WORK TO BE COMPLETED:
In the listing below, find each line that holds the string "around" and copy it.

EXTRACTED MATERIAL:
>>>
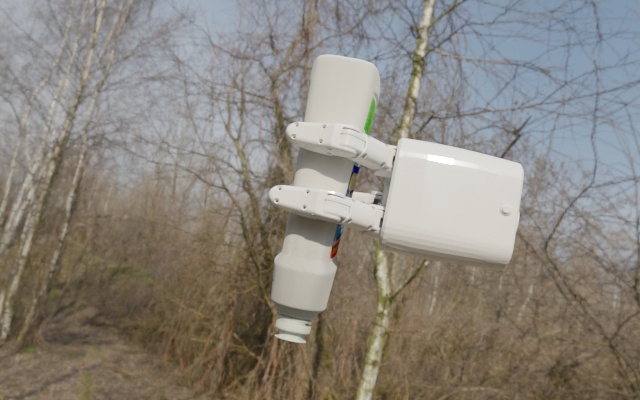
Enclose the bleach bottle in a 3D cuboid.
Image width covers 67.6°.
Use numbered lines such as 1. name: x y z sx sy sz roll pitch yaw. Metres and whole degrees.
1. bleach bottle: 0.000 0.001 0.444 0.068 0.250 0.102 11 -10 6
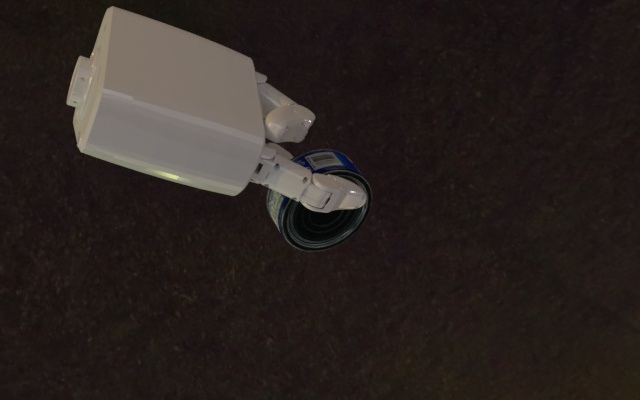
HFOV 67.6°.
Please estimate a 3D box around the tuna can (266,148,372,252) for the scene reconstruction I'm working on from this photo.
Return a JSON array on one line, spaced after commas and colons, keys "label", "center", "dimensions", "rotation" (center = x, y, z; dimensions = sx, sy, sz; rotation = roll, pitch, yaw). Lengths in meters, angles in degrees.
[{"label": "tuna can", "center": [0.000, 0.002, 0.404], "dimensions": [0.086, 0.086, 0.033], "rotation": [0, 34, -29]}]
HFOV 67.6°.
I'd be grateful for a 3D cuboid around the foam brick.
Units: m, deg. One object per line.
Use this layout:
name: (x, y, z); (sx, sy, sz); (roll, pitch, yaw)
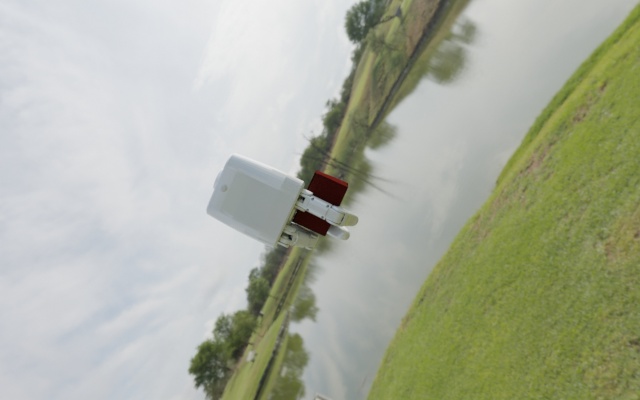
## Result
foam brick: (0.000, 0.002, 0.672); (0.051, 0.078, 0.053); (25, 7, -1)
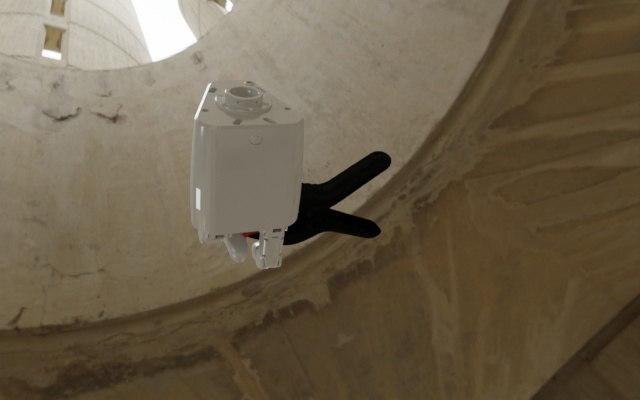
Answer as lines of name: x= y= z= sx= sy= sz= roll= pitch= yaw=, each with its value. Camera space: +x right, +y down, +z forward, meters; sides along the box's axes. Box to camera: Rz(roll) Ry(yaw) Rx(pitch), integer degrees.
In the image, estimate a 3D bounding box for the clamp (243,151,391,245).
clamp: x=0.000 y=0.001 z=0.517 sx=0.171 sy=0.120 sz=0.039 roll=-7 pitch=36 yaw=-22
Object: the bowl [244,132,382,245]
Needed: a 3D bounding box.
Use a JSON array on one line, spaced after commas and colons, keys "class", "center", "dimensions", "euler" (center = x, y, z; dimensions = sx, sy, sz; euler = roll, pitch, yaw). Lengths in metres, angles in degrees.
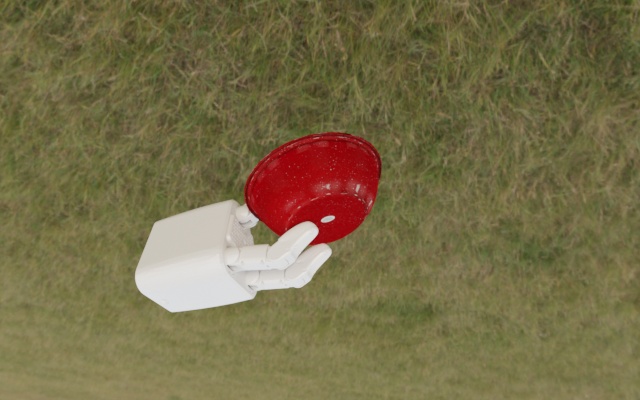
<<<
YOUR RESPONSE:
Please estimate a 3D box around the tuna can (266,148,372,252) for the scene reconstruction I'm working on from this photo.
I'd be grateful for a 3D cuboid around the foam brick.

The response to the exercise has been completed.